> **Exercise requirements**
Set down exactly the lines in the records below that run from the line with "Does the graph contain any zero values?" to the line with "Offer a very short reply. 2.3. In", inclusive, and nothing more.

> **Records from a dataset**

'''

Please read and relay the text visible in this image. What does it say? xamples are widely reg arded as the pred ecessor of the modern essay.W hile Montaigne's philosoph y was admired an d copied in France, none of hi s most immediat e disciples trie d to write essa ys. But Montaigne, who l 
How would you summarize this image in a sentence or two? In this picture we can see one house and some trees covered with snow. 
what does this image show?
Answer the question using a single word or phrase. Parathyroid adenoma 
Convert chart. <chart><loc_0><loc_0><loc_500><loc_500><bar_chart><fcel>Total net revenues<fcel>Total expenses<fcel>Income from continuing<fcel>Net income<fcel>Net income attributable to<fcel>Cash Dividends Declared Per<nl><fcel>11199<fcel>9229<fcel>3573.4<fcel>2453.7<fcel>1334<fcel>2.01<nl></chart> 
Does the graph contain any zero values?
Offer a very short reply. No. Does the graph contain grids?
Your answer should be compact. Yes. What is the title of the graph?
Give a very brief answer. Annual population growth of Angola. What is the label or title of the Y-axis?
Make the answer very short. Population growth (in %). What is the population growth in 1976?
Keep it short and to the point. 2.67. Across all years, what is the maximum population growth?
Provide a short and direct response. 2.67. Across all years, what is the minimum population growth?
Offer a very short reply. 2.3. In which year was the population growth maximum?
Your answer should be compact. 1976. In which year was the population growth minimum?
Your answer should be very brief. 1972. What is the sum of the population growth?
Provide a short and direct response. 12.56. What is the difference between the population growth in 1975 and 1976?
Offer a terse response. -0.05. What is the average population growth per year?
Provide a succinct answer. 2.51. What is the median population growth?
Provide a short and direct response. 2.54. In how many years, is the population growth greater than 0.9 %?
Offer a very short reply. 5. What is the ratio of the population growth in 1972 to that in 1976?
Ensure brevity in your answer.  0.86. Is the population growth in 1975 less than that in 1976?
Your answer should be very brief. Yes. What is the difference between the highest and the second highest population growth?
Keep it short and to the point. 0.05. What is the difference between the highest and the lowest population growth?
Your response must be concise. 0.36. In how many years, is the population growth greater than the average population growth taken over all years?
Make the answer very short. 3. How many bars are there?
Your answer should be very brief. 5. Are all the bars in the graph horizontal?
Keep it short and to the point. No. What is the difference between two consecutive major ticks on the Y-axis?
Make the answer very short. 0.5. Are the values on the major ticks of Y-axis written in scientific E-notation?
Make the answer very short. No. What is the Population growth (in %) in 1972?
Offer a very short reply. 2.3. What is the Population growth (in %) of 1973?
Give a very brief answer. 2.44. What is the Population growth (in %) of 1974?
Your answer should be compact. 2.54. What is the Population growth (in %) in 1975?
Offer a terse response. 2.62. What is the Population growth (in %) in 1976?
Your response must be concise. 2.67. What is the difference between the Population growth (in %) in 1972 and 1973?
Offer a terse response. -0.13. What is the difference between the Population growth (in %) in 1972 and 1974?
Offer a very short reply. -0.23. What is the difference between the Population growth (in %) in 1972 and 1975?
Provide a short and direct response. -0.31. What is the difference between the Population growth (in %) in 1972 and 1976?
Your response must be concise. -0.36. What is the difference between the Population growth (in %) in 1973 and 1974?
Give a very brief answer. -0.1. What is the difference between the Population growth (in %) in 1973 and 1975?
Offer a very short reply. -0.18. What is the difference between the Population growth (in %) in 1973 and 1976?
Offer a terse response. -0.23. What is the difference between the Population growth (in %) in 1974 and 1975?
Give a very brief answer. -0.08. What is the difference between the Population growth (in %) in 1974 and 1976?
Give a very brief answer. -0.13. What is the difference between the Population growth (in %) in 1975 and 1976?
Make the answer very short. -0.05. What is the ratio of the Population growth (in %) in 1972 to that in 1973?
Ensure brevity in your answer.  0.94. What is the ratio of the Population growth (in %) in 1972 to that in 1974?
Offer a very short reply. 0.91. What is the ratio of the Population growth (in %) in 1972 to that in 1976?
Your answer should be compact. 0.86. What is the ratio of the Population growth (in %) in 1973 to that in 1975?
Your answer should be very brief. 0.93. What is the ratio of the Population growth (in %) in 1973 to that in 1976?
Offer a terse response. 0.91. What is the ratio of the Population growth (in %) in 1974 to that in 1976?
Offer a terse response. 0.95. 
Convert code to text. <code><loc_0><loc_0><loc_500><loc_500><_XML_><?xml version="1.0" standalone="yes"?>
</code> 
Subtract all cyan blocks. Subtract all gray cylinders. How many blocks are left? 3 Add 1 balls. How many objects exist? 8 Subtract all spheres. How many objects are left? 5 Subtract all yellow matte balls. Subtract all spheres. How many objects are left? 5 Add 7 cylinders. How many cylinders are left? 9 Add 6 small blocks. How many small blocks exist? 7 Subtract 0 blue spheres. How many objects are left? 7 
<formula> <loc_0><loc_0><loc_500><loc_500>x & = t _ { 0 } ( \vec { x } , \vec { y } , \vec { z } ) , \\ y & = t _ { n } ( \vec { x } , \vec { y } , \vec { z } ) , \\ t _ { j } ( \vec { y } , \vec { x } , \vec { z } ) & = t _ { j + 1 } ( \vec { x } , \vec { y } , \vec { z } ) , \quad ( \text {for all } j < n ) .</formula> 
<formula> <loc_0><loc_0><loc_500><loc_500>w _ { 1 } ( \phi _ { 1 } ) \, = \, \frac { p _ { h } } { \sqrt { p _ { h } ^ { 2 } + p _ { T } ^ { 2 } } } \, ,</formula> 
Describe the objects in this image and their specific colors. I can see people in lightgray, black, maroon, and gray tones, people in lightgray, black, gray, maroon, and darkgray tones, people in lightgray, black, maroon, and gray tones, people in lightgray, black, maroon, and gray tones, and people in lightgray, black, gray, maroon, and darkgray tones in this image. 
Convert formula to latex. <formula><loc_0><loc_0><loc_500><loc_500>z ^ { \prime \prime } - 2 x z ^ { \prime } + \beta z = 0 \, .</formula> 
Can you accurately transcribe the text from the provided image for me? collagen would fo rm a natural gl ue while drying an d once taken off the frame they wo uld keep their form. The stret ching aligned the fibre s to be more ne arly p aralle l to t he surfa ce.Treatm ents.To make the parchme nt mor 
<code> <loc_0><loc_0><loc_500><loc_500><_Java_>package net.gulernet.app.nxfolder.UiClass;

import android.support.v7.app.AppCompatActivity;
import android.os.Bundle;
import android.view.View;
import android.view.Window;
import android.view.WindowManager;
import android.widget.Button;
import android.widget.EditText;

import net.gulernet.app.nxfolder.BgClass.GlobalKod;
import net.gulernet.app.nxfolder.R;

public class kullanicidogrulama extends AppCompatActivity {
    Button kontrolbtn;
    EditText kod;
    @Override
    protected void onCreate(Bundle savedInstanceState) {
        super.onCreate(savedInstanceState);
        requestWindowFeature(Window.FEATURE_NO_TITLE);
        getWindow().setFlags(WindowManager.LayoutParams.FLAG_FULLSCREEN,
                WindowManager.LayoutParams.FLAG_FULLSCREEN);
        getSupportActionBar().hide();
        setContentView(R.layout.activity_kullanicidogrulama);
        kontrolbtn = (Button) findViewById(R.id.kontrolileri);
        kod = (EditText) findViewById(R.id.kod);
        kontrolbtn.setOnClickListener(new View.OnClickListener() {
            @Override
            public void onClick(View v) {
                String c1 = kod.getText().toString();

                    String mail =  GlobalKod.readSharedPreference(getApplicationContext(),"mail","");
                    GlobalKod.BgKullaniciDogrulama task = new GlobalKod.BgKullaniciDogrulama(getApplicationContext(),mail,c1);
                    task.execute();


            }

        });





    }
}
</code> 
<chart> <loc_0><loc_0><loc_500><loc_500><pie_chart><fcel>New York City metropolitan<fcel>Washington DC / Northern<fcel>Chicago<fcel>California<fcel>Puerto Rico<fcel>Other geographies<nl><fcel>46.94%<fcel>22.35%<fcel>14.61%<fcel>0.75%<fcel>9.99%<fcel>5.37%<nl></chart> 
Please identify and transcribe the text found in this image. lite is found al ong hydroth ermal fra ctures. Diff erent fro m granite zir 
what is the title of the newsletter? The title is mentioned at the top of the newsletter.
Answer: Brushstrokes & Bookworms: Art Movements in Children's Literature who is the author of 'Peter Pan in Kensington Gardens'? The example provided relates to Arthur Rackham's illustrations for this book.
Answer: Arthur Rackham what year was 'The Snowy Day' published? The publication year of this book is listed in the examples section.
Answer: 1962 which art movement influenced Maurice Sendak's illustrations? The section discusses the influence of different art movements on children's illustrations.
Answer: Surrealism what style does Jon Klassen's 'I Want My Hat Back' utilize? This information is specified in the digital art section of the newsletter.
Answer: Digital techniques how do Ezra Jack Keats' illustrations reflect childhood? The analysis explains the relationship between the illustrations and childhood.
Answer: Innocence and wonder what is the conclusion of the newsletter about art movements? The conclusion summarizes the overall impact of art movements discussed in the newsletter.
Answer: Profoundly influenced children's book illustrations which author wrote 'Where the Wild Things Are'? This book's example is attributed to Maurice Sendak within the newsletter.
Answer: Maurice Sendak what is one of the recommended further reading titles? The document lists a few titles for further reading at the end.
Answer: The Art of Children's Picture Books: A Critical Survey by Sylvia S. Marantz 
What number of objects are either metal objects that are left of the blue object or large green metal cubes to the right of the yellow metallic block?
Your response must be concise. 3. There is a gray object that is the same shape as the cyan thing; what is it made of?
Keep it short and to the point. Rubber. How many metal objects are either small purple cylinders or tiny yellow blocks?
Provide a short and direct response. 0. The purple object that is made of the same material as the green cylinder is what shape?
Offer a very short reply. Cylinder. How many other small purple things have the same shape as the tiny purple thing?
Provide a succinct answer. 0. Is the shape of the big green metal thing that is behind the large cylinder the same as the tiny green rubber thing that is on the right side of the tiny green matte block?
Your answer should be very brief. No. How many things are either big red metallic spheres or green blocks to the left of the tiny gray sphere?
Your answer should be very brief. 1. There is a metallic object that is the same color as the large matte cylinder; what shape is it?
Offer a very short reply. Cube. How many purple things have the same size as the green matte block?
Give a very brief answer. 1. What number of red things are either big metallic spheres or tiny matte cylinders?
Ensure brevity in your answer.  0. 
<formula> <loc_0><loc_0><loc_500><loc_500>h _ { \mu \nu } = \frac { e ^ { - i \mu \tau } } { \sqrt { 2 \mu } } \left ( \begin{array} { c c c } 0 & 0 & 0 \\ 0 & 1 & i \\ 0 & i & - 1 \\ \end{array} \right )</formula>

'''

> **Result of this exercise**
Does the graph contain any zero values?
Offer a very short reply. No. Does the graph contain grids?
Your answer should be compact. Yes. What is the title of the graph?
Give a very brief answer. Annual population growth of Angola. What is the label or title of the Y-axis?
Make the answer very short. Population growth (in %). What is the population growth in 1976?
Keep it short and to the point. 2.67. Across all years, what is the maximum population growth?
Provide a short and direct response. 2.67. Across all years, what is the minimum population growth?
Offer a very short reply. 2.3. In which year was the population growth maximum?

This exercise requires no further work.